Benjamin Vanderwerff’s relationship with art began at the age of three, drawing at the foot of his bed while his mother read to him. He has kept every sketchbook and piece of artwork from childhood through adulthood, a personal archive that reflects an early and enduring commitment to visual exploration.
He studied graphic design, a foundation that strengthened his understanding of structure, composition, and the clarity of an image. After completing his degree, Vanderwerff began painting outdoors and found that the direct experience of weather, terrain, and shifting light brought a sense of urgency and depth he could not achieve in the studio alone. This path eventually led him to Baja Mexico, where he lived and worked as an artist for four years. The desert, coastline, and open spaces of Baja profoundly shaped his approach to scale, color, and movement.
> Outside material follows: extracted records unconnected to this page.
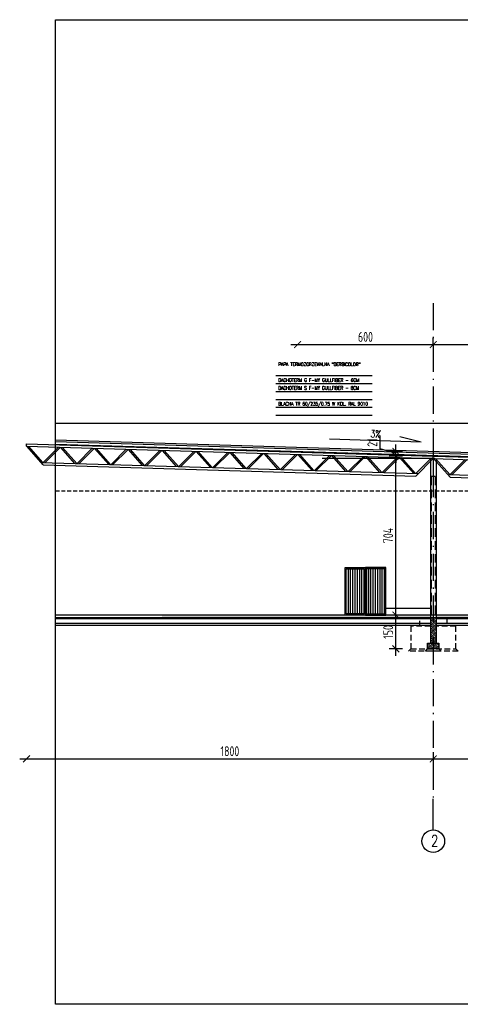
# Model space of a CAD drawing. Extents: x 153948 to 285449, y -89387 to -60195.
# Tile 96 of 100: x 280483 to 282433, y -78501 to -74141. Entities that reach past the tile are written whole.
import ezdxf

# ---------------------------------------------------------------- set-up
doc = ezdxf.new("R2010")
doc.units = 0
doc.header["$LTSCALE"] = 100
doc.header["$MEASUREMENT"] = 0
doc.header["$PDMODE"] = 1
for name, pattern in [('ACAD_ISO10W100', [18.5, 12, -3, 0.5, -3]), ('DASHED2', [0.375, 0.25, -0.125]), ('HIDDEN2', [4.7625, 3.175, -1.5875])]:
    doc.linetypes.add(name, pattern=pattern)
doc.layers.get('0').update_dxf_attribs({"linetype": 'CONTINUOUS'})
doc.layers.get('DEFPOINTS').update_dxf_attribs({"linetype": 'CONTINUOUS'})
for name, color, linetype in [('A-BUD-OP', 3, 'CONTINUOUS'), ('DRZWI', 5, 'CONTINUOUS'), ('FUNDAM', 5, 'DASHED2'), ('IZOLACJE', 3, 'CONTINUOUS'), ('K-STA', 2, 'CONTINUOUS'), ('OCIEPLENIE', 8, 'BATTING'), ('OSIE', 8, 'ACAD_ISO10W100'), ('POSADZKA', 13, 'CONTINUOUS'), ('R-----OP', 2, 'CONTINUOUS'), ('R-RAM', 1, 'CONTINUOUS'), ('SZRAF', 9, 'CONTINUOUS'), ('TEXT1', 2, 'CONTINUOUS'), ('WIDOK', 11, 'CONTINUOUS'), ('WYMIARY', 1, 'CONTINUOUS'), ('ZELBET', 6, 'CONTINUOUS')]:
    doc.layers.add(name, color=color, linetype=linetype)
doc.layers.add('CEGLA', color=4, linetype='CONTINUOUS', lineweight=30)
doc.styles.add('DYBY-NORMALNY-0-8-N', font='ROMANS.SHX', dxfattribs={"width": 0.8})
doc.styles.add('STYLE2', font='isocp.shx', dxfattribs={"width": 0.8})
doc.styles.add('TXT3', font='SIMPLEX.SHX', dxfattribs={"width": 0.75, "height": 40})
doc.linetypes.add('BATTING', pattern='A,0.0001,-0.1,[134,ltypeshp.shx,S=0.1,R=0,X=-0.1,Y=0],-0.2,[134,ltypeshp.shx,S=0.1,R=180,X=0.1,Y=0],-0.1', length=0.4001)
doc.linetypes.add('ZIGZAG', pattern='A,0.0001,-0.2,[131,ltypeshp.shx,S=0.2,R=0,X=-0.2,Y=0],-0.4,[131,ltypeshp.shx,S=0.2,R=180,X=0.2,Y=0],-0.2', length=0.8001)
doc.dimstyles.new('KRESKI_100', dxfattribs={"dimscale": 20, "dimtxt": 2.2, "dimasz": 1.5, "dimexe": 1.5, "dimexo": 1.5, "dimgap": 0.6, "dimtad": 1, "dimdec": 1, "dimrnd": 0.5, "dimdsep": 46, "dimtxsty": 'STYLE2', "dimblk1": 'ARCHTICK', "dimblk2": 'ARCHTICK', "dimsah": 1, "dimcen": 2.5, "dimdle": 1.5, "dimclrd": 10, "dimclre": 10, "dimclrt": 15, "dimadec": 0, "dimazin": 0, "dimtfac": 1, "dimtdec": 1, "dimtmove": 1, "dimatfit": 3, "dimldrblk": 'ARCHTICK', "dimfxl": 1.5, "dimfxlon": 1, "dimtolj": 1, "dimtzin": 0, "dimarcsym": 0})
pattern_1 = [(45, (323078.547, -72322.589), (-8.8388348, 8.8388348), []), (45, (323087.386, -72322.589), (-8.8388348, 8.8388348), [6.25, -3.125])]

# ---------------------------------------------------------------- blocks, each defined once
blk = doc.blocks.new('_ARCHTICK')
at = {"color": 0, "linetype": 'ByBlock', "const_width": 0.15}
blk.add_lwpolyline([(-0.5, -0.5), (0.5, 0.5)], dxfattribs=at)
blk = doc.blocks.new('*D865')
at = {"layer": 'DEFPOINTS', "color": 0, "transparency": 16777216}
for p in [(282147.7, -76777.5), (282304.3, -76777.5), (282213.3, -76927.5)]:
    blk.add_point(p, dxfattribs=at)
at = {"layer": 'WYMIARY', "color": 10, "lineweight": -2, "transparency": 16777216}
for p, q in [((282147.7, -76957.5), (282147.7, -76747.5)), ((282177.7, -76777.5), (282117.7, -76777.5)), ((282177.7, -76927.5), (282117.7, -76927.5))]:
    blk.add_line(p, q, dxfattribs=at)
at = {"layer": 'WYMIARY', "color": 10, "lineweight": -2, "transparency": 16777216, "xscale": 30, "yscale": 30, "zscale": 30}
for p, rotation in [((282147.7, -76777.5), 90), ((282147.7, -76927.5), 270)]:
    blk.add_blockref('_ARCHTICK', p, dxfattribs=dict(at, rotation=rotation))
at = {"layer": 'WYMIARY', "color": 15, "transparency": 16777216, "insert": (282113.7, -76852.5), "char_height": 44, "attachment_point": 5, "rotation": 90, "style": 'STYLE2'}
blk.add_mtext('\\A1;150', dxfattribs=at)
blk = doc.blocks.new('*D866')
at = {"layer": 'DEFPOINTS', "color": 0, "transparency": 16777216}
for p in [(282147.7, -76073.5), (282313.3, -76073.5), (282304.3, -76777.5)]:
    blk.add_point(p, dxfattribs=at)
at = {"layer": 'WYMIARY', "color": 10, "lineweight": -2, "transparency": 16777216}
for p, q in [((282177.7, -76073.5), (282117.7, -76073.5)), ((282147.7, -76807.5), (282147.7, -76043.5))]:
    blk.add_line(p, q, dxfattribs=at)
at = {"layer": 'WYMIARY', "color": 10, "lineweight": -2, "transparency": 16777216, "xscale": 30, "yscale": 30, "zscale": 30}
for p, rotation in [((282147.7, -76073.5), 90), ((282147.7, -76777.5), 270)]:
    blk.add_blockref('_ARCHTICK', p, dxfattribs=dict(at, rotation=rotation))
at = {"layer": 'WYMIARY', "color": 15, "transparency": 16777216, "insert": (282113.7, -76425.5), "char_height": 44, "attachment_point": 5, "rotation": 90, "style": 'STYLE2'}
blk.add_mtext('\\A1;704', dxfattribs=at)
blk = doc.blocks.new('*D867')
at = {"layer": 'DEFPOINTS', "color": 0, "transparency": 16777216}
for p in [(282147.7, -76052.5), (282313.3, -76052.5), (282313.3, -76073.5)]:
    blk.add_point(p, dxfattribs=at)
at = {"layer": 'WYMIARY', "color": 10, "lineweight": -2, "transparency": 16777216}
for p, q in [((282077.7, -76042), (282077.7, -75985.4)), ((282147.7, -76052.5), (282147.7, -76022.5)), ((282147.7, -76063), (282077.7, -76042)), ((282177.7, -76052.5), (282117.7, -76052.5)), ((282147.7, -76073.5), (282147.7, -76052.5)), ((282147.7, -76073.5), (282147.7, -76052.5)), ((282147.7, -76073.5), (282147.7, -76103.5))]:
    blk.add_line(p, q, dxfattribs=at)
at = {"layer": 'WYMIARY', "color": 10, "lineweight": -2, "transparency": 16777216, "xscale": 30, "yscale": 30, "zscale": 30}
for p, rotation in [((282147.7, -76052.5), 270), ((282147.7, -76073.5), 90)]:
    blk.add_blockref('_ARCHTICK', p, dxfattribs=dict(at, rotation=rotation))
at = {"layer": 'WYMIARY', "color": 15, "transparency": 16777216, "insert": (282043.7, -76013.7), "char_height": 44, "attachment_point": 5, "rotation": 90, "style": 'STYLE2'}
blk.add_mtext('\\A1;21', dxfattribs=at)
blk = doc.blocks.new('*D870')
at = {"layer": 'DEFPOINTS', "color": 0, "transparency": 16777216}
for p in [(282313.3, -77334.5), (283423.3, -77334.5), (283423.3, -77414.5)]:
    blk.add_point(p, dxfattribs=at)
at = {"layer": 'WYMIARY', "color": 15, "lineweight": -2, "transparency": 16777216}
blk.add_line((283423.3, -77384.5), (283423.3, -77444.5), dxfattribs=at)
at = {"layer": 'WYMIARY', "color": 10, "lineweight": -2, "transparency": 16777216}
blk.add_line((282283.3, -77414.5), (283453.3, -77414.5), dxfattribs=at)
at = {"layer": 'WYMIARY', "color": 10, "lineweight": -2, "transparency": 16777216, "xscale": 30, "yscale": 30, "zscale": 30, "rotation": 180}
blk.add_blockref('_ARCHTICK', (282313.3, -77414.5), dxfattribs=at)
at = {"layer": 'WYMIARY', "color": 10, "lineweight": -2, "transparency": 16777216, "xscale": 30, "yscale": 30, "zscale": 30}
blk.add_blockref('_ARCHTICK', (283423.3, -77414.5), dxfattribs=at)
at = {"layer": 'WYMIARY', "color": 15, "transparency": 16777216, "insert": (282868.3, -77380.5), "char_height": 44, "attachment_point": 5, "style": 'STYLE2'}
blk.add_mtext('\\A1;1110', dxfattribs=at)
blk = doc.blocks.new('*D871')
at = {"layer": 'DEFPOINTS', "color": 0, "transparency": 16777216}
for p in [(280513.3, -77334.5), (282313.3, -77334.5), (282313.3, -77414.5)]:
    blk.add_point(p, dxfattribs=at)
at = {"layer": 'WYMIARY', "color": 15, "lineweight": -2, "transparency": 16777216}
blk.add_line((282313.3, -77384.5), (282313.3, -77444.5), dxfattribs=at)
at = {"layer": 'WYMIARY', "color": 10, "lineweight": -2, "transparency": 16777216}
blk.add_line((280483.3, -77414.5), (282343.3, -77414.5), dxfattribs=at)
at = {"layer": 'WYMIARY', "color": 10, "lineweight": -2, "transparency": 16777216, "xscale": 30, "yscale": 30, "zscale": 30, "rotation": 180}
blk.add_blockref('_ARCHTICK', (280513.3, -77414.5), dxfattribs=at)
at = {"layer": 'WYMIARY', "color": 10, "lineweight": -2, "transparency": 16777216, "xscale": 30, "yscale": 30, "zscale": 30}
blk.add_blockref('_ARCHTICK', (282313.3, -77414.5), dxfattribs=at)
at = {"layer": 'WYMIARY', "color": 15, "transparency": 16777216, "insert": (281413.3, -77380.5), "char_height": 44, "attachment_point": 5, "style": 'STYLE2'}
blk.add_mtext('\\A1;1800', dxfattribs=at)
blk = doc.blocks.new('KRATOWN')
at = {"layer": 'K-STA', "ltscale": 0.1}
for p, q in [((1800, 65), (0, 11)), ((1800, 54), (0, 0)), ((1427.7, -26.2), (1490.3, 44.7)), ((1435.9, -26), (1498.5, 45)), ((1567.4, -22), (1500.6, 45)), ((1575.6, -21.8), (1508.8, 45.3)), ((1577.6, -21.7), (1640.2, 49.2)), ((1585.8, -21.5), (1648.4, 49.5)), ((1717.3, -17.5), (1650.5, 49.5)), ((1725.5, -17.3), (1658.8, 49.8)), ((1725.8, -28.3), (1798.4, 54)), ((1727.5, -17.2), (1790.2, 53.7)), ((1800, 54), (1800, 65)), ((0, 0), (77.6, -77.7)), ((10.5, 0.3), (77.2, -66.7)), ((78.3, -66.7), (140.9, 4.2)), ((86.5, -66.4), (149.1, 4.5)), ((218, -62.5), (151.2, 4.5)), ((226.2, -62.2), (159.4, 4.8)), ((228.2, -62.2), (290.8, 8.7)), ((236.4, -61.9), (299.1, 9)), ((367.9, -58), (301.1, 9)), ((376.1, -57.7), (309.4, 9.3)), ((378.1, -57.7), (440.8, 13.2)), ((386.4, -57.4), (449, 13.5)), ((517.8, -53.5), (451.1, 13.5)), ((526.1, -53.2), (459.3, 13.8)), ((528.1, -53.2), (590.7, 17.7)), ((536.3, -52.9), (598.9, 18)), ((667.8, -49), (601, 18)), ((676, -48.8), (609.2, 18.3)), ((678, -48.7), (740.6, 22.2)), ((686.2, -48.4), (748.9, 22.5)), ((817.7, -44.5), (750.9, 22.5)), ((825.9, -44.3), (759.2, 22.8)), ((827.9, -44.2), (890.6, 26.7)), ((836.2, -43.9), (898.8, 27)), ((967.6, -40), (900.9, 27)), ((975.9, -39.8), (909.1, 27.3)), ((977.9, -39.7), (1040.5, 31.2)), ((986.1, -39.4), (1048.7, 31.5)), ((1117.6, -35.5), (1050.8, 31.5)), ((1125.8, -35.3), (1059, 31.8)), ((1127.8, -35.2), (1190.4, 35.7)), ((1136, -35), (1198.6, 36)), ((1267.5, -31), (1200.7, 36)), ((1275.7, -30.8), (1209, 36.3)), ((1277.7, -30.7), (1340.4, 40.2)), ((1286, -30.5), (1348.6, 40.5)), ((1417.4, -26.5), (1350.7, 40.5)), ((1425.6, -26.3), (1358.9, 40.8)), ((1735.8, -17), (66.9, -67)), ((1725.8, -28.3), (77.6, -77.7))]:
    blk.add_line(p, q, dxfattribs=at)
blk = doc.blocks.new('*D872')
at = {"layer": 'DEFPOINTS', "color": 0, "transparency": 16777216}
for p in [(281713.3, -75580), (282313.3, -75580), (282313.3, -75580)]:
    blk.add_point(p, dxfattribs=at)
at = {"layer": 'WYMIARY', "color": 10, "lineweight": -2, "transparency": 16777216}
for p, q in [((282313.3, -75580), (282313.3, -75550)), ((281683.3, -75580), (282343.3, -75580))]:
    blk.add_line(p, q, dxfattribs=at)
at = {"layer": 'WYMIARY', "color": 10, "lineweight": -2, "transparency": 16777216, "xscale": 30, "yscale": 30, "zscale": 30, "rotation": 180}
blk.add_blockref('_ARCHTICK', (281713.3, -75580), dxfattribs=at)
at = {"layer": 'WYMIARY', "color": 10, "lineweight": -2, "transparency": 16777216, "xscale": 30, "yscale": 30, "zscale": 30}
blk.add_blockref('_ARCHTICK', (282313.3, -75580), dxfattribs=at)
at = {"layer": 'WYMIARY', "color": 15, "transparency": 16777216, "insert": (282013.3, -75546), "char_height": 44, "attachment_point": 5, "style": 'STYLE2'}
blk.add_mtext('\\A1;600', dxfattribs=at)
blk = doc.blocks.new('*D873')
at = {"layer": 'DEFPOINTS', "color": 0, "transparency": 16777216}
for p in [(282313.3, -75580), (282913.3, -75580), (282913.3, -75580)]:
    blk.add_point(p, dxfattribs=at)
at = {"layer": 'WYMIARY', "color": 10, "lineweight": -2, "transparency": 16777216}
for p, q in [((282913.3, -75580), (282913.3, -75550)), ((282283.3, -75580), (282943.3, -75580))]:
    blk.add_line(p, q, dxfattribs=at)
at = {"layer": 'WYMIARY', "color": 10, "lineweight": -2, "transparency": 16777216, "xscale": 30, "yscale": 30, "zscale": 30, "rotation": 180}
blk.add_blockref('_ARCHTICK', (282313.3, -75580), dxfattribs=at)
at = {"layer": 'WYMIARY', "color": 10, "lineweight": -2, "transparency": 16777216, "xscale": 30, "yscale": 30, "zscale": 30}
blk.add_blockref('_ARCHTICK', (282913.3, -75580), dxfattribs=at)
at = {"layer": 'WYMIARY', "color": 15, "transparency": 16777216, "insert": (282613.3, -75546), "char_height": 44, "attachment_point": 5, "style": 'STYLE2'}
blk.add_mtext('\\A1;600', dxfattribs=at)

msp = doc.modelspace()

# ---------------------------------------------------------------- hatches: boundary and pattern name
at = {"layer": 'SZRAF'}
h = msp.add_hatch(dxfattribs=at)
h.set_pattern_fill('ANSI31', color=256, scale=80, angle=45, style=0)
h.set_pattern_definition([(90, (275277.584, -55488.677), (-10, 2e-15), [])])
h.paths.add_polyline_path([(282008.33, -76572.52), (281928.33, -76572.52), (281928.33, -76772.52), (282008.33, -76772.52)])
h.paths.add_polyline_path([(282098.33, -76572.52), (282018.33, -76572.52), (282018.33, -76772.52), (282098.33, -76772.52)])
h = msp.add_hatch(dxfattribs=at)
h.set_pattern_fill('ANSI33', color=256, scale=50, style=0)
h.set_pattern_definition(pattern_1)
h.paths.add_polyline_path([(281713.33, -76789.52), (281713.33, -76777.52), (281113.33, -76777.52), (281113.33, -76789.52)])
h.paths.add_polyline_path([(282300.83, -76789.52), (282300.83, -76777.52), (281713.33, -76777.52), (281713.33, -76789.52)])
h = msp.add_hatch(dxfattribs=at)
h.set_pattern_fill('ANSI33', color=256, scale=50, style=0)
h.set_pattern_definition(pattern_1)
h.paths.add_polyline_path([(282313.33, -76789.52), (282300.83, -76789.52), (282300.83, -76902.52), (282313.33, -76902.52)])
h.paths.add_polyline_path([(282313.33, -76902.52), (282325.83, -76902.52), (282325.83, -76789.52), (282313.33, -76789.52)])
h.paths.add_polyline_path([(282288.33, -76927.52), (282313.33, -76927.52), (282313.33, -76902.52), (282288.33, -76902.52)])
h.paths.add_polyline_path([(282313.33, -76927.52), (282338.33, -76927.52), (282338.33, -76902.52), (282313.33, -76902.52)])
h = msp.add_hatch(dxfattribs=at)
h.set_pattern_fill('ANSI33', color=256, scale=50, style=0)
h.set_pattern_definition(pattern_1)
h.paths.add_polyline_path([(282325.83, -76777.52), (282325.83, -76789.52), (282373.33, -76789.52), (282913.33, -76789.52), (282913.33, -76777.52)])
h.paths.add_polyline_path([(282978.91, -76789.52), (282978.91, -76777.52), (282913.33, -76777.52), (282913.33, -76789.52)])
h.paths.add_polyline_path([(283368.33, -76789.52), (283368.33, -76777.52), (282978.91, -76777.52), (282978.91, -76789.52)])
h.paths.add_polyline_path([(283478.33, -76789.52), (283478.33, -76777.52), (283368.33, -76777.52), (283368.33, -76789.52)])
h.paths.add_polyline_path([(283513.33, -76789.52), (283513.33, -76777.52), (283478.33, -76777.52), (283478.33, -76789.52)])

# ---------------------------------------------------------------- linework, layer by layer
at = {"layer": 'A-BUD-OP'}
for q in [(282165.32, -75987.83), (281853.49, -75999.55)]:
    msp.add_line((282259.05, -76012.08), q, dxfattribs=at)
at = {"layer": 'CEGLA', "ltscale": 0.1}
for p, q in [((282300.83, -76084.15), (282300.83, -76789.52)), ((282325.83, -76084.9), (282325.83, -76789.52))]:
    msp.add_line(p, q, dxfattribs=at)
at = {"layer": 'DRZWI'}
for points in [[(282013.33, -76777.52), (281923.33, -76777.52), (281923.33, -76567.52), (282013.33, -76567.52)], [(282008.33, -76772.52), (281928.33, -76772.52), (281928.33, -76572.52), (282008.33, -76572.52)], [(282013.33, -76777.52), (282103.33, -76777.52), (282103.33, -76567.52), (282013.33, -76567.52)], [(282018.33, -76772.52), (282098.33, -76772.52), (282098.33, -76572.52), (282018.33, -76572.52)]]:
    msp.add_lwpolyline(points, close=True, dxfattribs=at)
at = {"layer": 'FUNDAM'}
for points in [[(282253.33, -76827.52), (282253.33, -76789.52), (282373.33, -76789.52), (282373.33, -76827.52)], [(282300.83, -76827.52), (282213.33, -76827.52), (282213.33, -76927.52), (282413.33, -76927.52), (282413.33, -76827.52), (282325.83, -76827.52)], [(282413.33, -76927.52), (282423.33, -76937.52), (282203.33, -76937.52), (282213.33, -76927.52)]]:
    msp.add_lwpolyline(points, dxfattribs=at)
at = {"layer": 'IZOLACJE', "ltscale": 0.1}
msp.add_line((280641.35, -76002.35), (284136.83, -76107.21), dxfattribs=at)
at = {"layer": 'K-STA', "linetype": 'ZIGZAG', "ltscale": 0.1}
msp.add_line((280641.35, -76020.39), (284136.74, -76125.26), dxfattribs=at)
at = {"layer": 'K-STA', "color": 8}
msp.add_line((282313.33, -76084.52), (281821.02, -76084.52), dxfattribs=at)
at = {"layer": 'K-STA', "color": 8, "ltscale": 0.1}
for p, q in [((282320.27, -76084.52), (282306.39, -76084.52)), ((282313.33, -76084.52), (282313.33, -76164.52)), ((282322.33, -76164.52), (282304.33, -76164.52))]:
    msp.add_line(p, q, dxfattribs=at)
at = {"layer": 'K-STA', "color": 8, "linetype": 'HIDDEN2', "ltscale": 0.12}
for p, q in [((282304.33, -76164.52), (282304.33, -76777.52)), ((282322.33, -76164.52), (282322.33, -76777.52))]:
    msp.add_line(p, q, dxfattribs=at)
at = {"layer": 'OCIEPLENIE', "ltscale": 0.19}
msp.add_line((280641.35, -76009.85), (284136.83, -76114.72), dxfattribs=at)
at = {"layer": 'OSIE', "ltscale": 0.1}
msp.add_line((282313.33, -75396.16), (282313.33, -77591.48), dxfattribs=at)
at = {"layer": 'POSADZKA'}
for p, q in [((285003.92, -76777.52), (280641.35, -76777.52)), ((284130.33, -76789.52), (280641.35, -76789.52))]:
    msp.add_line(p, q, dxfattribs=at)
at = {"layer": 'POSADZKA', "color": 1}
for p, q in [((282300.83, -76794.52), (280641.35, -76794.52)), ((284108.33, -76794.52), (282325.83, -76794.52))]:
    msp.add_line(p, q, dxfattribs=at)
at = {"layer": 'POSADZKA', "color": 2}
for p, q in [((282300.83, -76814.52), (280641.35, -76814.52)), ((284108.33, -76814.52), (282325.83, -76814.52)), ((282300.83, -76824.52), (280641.35, -76824.52)), ((284086.1, -76824.52), (282325.83, -76824.52))]:
    msp.add_line(p, q, dxfattribs=at)
at = {"layer": 'R-----OP', "color": 1}
for p, q in [((281616.84, -75717.64), (282042.81, -75717.64)), ((281616.84, -75752.64), (282042.81, -75752.64)), ((281616.84, -75787.64), (282042.81, -75787.64)), ((281616.84, -75822.64), (282042.81, -75822.64)), ((281616.84, -75822.64), (282042.81, -75822.64)), ((281616.84, -75857.64), (282042.81, -75857.64)), ((281616.84, -75892.64), (282042.81, -75892.64))]:
    msp.add_line(p, q, dxfattribs=at)
at = {"layer": 'R-RAM'}
msp.add_lwpolyline([(280641.35, -74141.47), (285003.92, -74141.47), (285003.92, -78501.16), (280641.35, -78501.16)], close=True, dxfattribs=at)
at = {"layer": 'TEXT1'}
msp.add_line((282313.33, -77728.85), (282313.33, -77591.48), dxfattribs=at)
msp.add_circle((282313.33, -77778.85), 50, dxfattribs=at)
at = {"layer": 'WIDOK', "ltscale": 0.12}
for p, q in [((280641.35, -75927.52), (284136.83, -75927.52)), ((282103.33, -76747.52), (282300.83, -76747.52))]:
    msp.add_line(p, q, dxfattribs=at)
at = {"layer": 'WIDOK', "color": 3, "linetype": 'DASHED2', "ltscale": 0.7}
msp.add_line((280641.35, -76227.52), (284104.33, -76227.52), dxfattribs=at)
at = {"layer": 'ZELBET'}
for p, q in [((282300.83, -76789.52), (282325.83, -76789.52)), ((282300.83, -76789.52), (282300.83, -76902.52)), ((282325.83, -76789.52), (282325.83, -76902.52)), ((282338.33, -76927.52), (282288.33, -76927.52))]:
    msp.add_line(p, q, dxfattribs=at)
msp.add_lwpolyline([(282288.33, -76927.52), (282288.33, -76902.52), (282338.33, -76902.52), (282338.33, -76927.52)], dxfattribs=at)
at = {"layer": 'ZELBET', "color": 1, "linetype": 'Continuous'}
msp.add_lwpolyline([(282338.33, -76927.52), (282348.33, -76937.52), (282278.33, -76937.52), (282288.33, -76927.52)], dxfattribs=at)

# ---------------------------------------------------------------- block references
at = {"layer": 'K-STA', "xscale": -1}
for p in [(282313.33, -76084.52), (284113.33, -76138.52)]:
    msp.add_blockref('KRATOWN', p, dxfattribs=at)

# ---------------------------------------------------------------- texts
at = {"layer": 'A-BUD-OP', "style": 'DYBY-NORMALNY-0-8-N', "width": 0.8}
msp.add_text('3%', height=31.5, rotation=358.23003, dxfattribs=at).set_placement((282034.38, -75990.37))
at = {"layer": 'R-----OP', "color": 2, "style": 'DYBY-NORMALNY-0-8-N', "width": 0.8}
for s, p in [('PAPA TERMOZGRZEWALNA "DERBICOLOR"', (281627.79, -75674.81)), ('DACHOTERM G F-MY GULLFIBER - 6CM', (281627.79, -75744.81)), ('DACHOTERM S F-MY GULLFIBER - 8CM', (281627.79, -75779.81)), ('BLACHA TR 60/235/0.75 W KOL. RAL 9010', (281627.79, -75849.81))]:
    msp.add_text(s, height=15, dxfattribs=at).set_placement(p)
at = {"layer": 'TEXT1', "style": 'TXT3', "width": 0.75}
msp.add_text('2', height=50, dxfattribs=at).set_placement((282303.23, -77802.17))

# ---------------------------------------------------------------- dimensions: what is measured, and where the dimension line sits
at = {"layer": 'WYMIARY'}
for base, p1, p2, override, picture, middle in [((282313.33, -75580.03), (281713.33, -75580.03), (282313.33, -75580.03), {"dimse1": 1}, '*D872', (282013.33, -75546.03)), ((282913.33, -75580.03), (282313.33, -75580.03), (282913.33, -75580.03), {"dimse1": 1}, '*D873', (282613.33, -75546.03)), ((282313.33, -77414.49), (280513.33, -77334.49), (282313.33, -77334.49), {"dimse1": 1, "dimclre": 15}, '*D871', (281413.33, -77380.49)), ((283423.33, -77414.49), (282313.33, -77334.49), (283423.33, -77334.49), {"dimse1": 1, "dimclre": 15}, '*D870', (282868.33, -77380.49))]:
    dim = msp.add_linear_dim(base=base, p1=p1, p2=p2, dimstyle='KRESKI_100', override=override, dxfattribs=at)
    dim.commit()
    dim.dimension.update_dxf_attribs({"geometry": picture, "text_midpoint": middle})
for base, p1, p2, picture, middle in [((282147.72, -76052.51), (282313.33, -76073.52), (282313.33, -76052.51), '*D867', (282043.71, -76030.01)), ((282147.72, -76073.52), (282304.33, -76777.52), (282313.33, -76073.52), '*D866', (282113.72, -76425.52))]:
    dim = msp.add_linear_dim(base=base, p1=p1, p2=p2, angle=270, dimstyle='KRESKI_100', override={"dimse1": 1}, dxfattribs=at)
    dim.commit()
    dim.dimension.update_dxf_attribs({"geometry": picture, "text_midpoint": middle})
dim = msp.add_linear_dim(base=(282147.72, -76777.52), p1=(282213.33, -76927.52), p2=(282304.33, -76777.52), angle=270, dimstyle='KRESKI_100', dxfattribs=at)
dim.commit()
dim.dimension.update_dxf_attribs({"geometry": '*D865', "text_midpoint": (282113.72, -76852.52)})

doc.saveas('drawing.dxf')

His practice is a unique convergence of large scale painting, mixed media experimentation, off roading, and overlanding culture. The remote places he seeks out, the conditions he works in, and the physical effort required to reach them all inform the energy and immediacy of his surfaces. Vanderwerff treats the landscape not as a distant subject but as an environment to inhabit, allowing cold, moisture, wind, and light to influence the work alongside his own decisions.
He has exhibited throughout Washington and in Baja California Sur, including shows at Harris Harvey Gallery, Lido Gallery, River Gallery, Cole Gallery, and various regional group exhibitions. He lives and works in the Skagit Valley of Washington, continuing to build a body of work rooted in exploration, place, and the lived experience of painting on location
Bio
Artist Statement
Painting for me is not a career choice; it is survival. It is the way I process the weight I see in people—their contradictions, their struggles, and their attempts to hold themselves together. But I do not paint people. Human-centered art often becomes a closed loop: a mirror trying to understand its own reflection. I find that celebrating the predictable narratives of society—the discussed-to-death topics of power, identity, and sex—is often a form of "acting" or advertisement. I learn more by looking outward.
Each canvas is born outdoors, painted on location in the rivers, mountains, and forests of the Pacific Northwest. Nature is the only living force that exists beyond our invention. It is older than language, older than culture, and older than the systems we build to categorize ourselves. It holds a power that is both personal and unreachable. My work is about people because it is not made of people; the landscape carries human emotion with more honesty than humans do.
I paint outdoors because I need resistance. I need something that does not care about my comfort or my control. My process depends on exposure. I live nomadically, carrying my work into these places—camping for days at a time, letting weather, light, and silence push their way into the painting with the same authority as my own hand. In the cold and the isolation, painting and survival become inseparable. I do not treat nature as a subject; I meet it as an equal force.
Spray paint and acrylics allow me to work at the speed of experience. Spray paint carries the history of rebellion—the urge to mark the world, to claim identity, and to reject invisibility. Bringing it into the wilderness creates a living tension with the land that traditional materials cannot hold. It allows for instinct, immediacy, and risk.
My practice leans into a raw version of Romanticism—a rebellion against the flattening of the spirit and the easy numbness of modern life. I am not trying to make an image of a place; I am trying to capture a presence. Something that carries the charge of being inside the world rather than separate from it. My paintings are part wilderness, part human experience, and part survival. They are how I navigate the world and how I give something back that’s authentically human.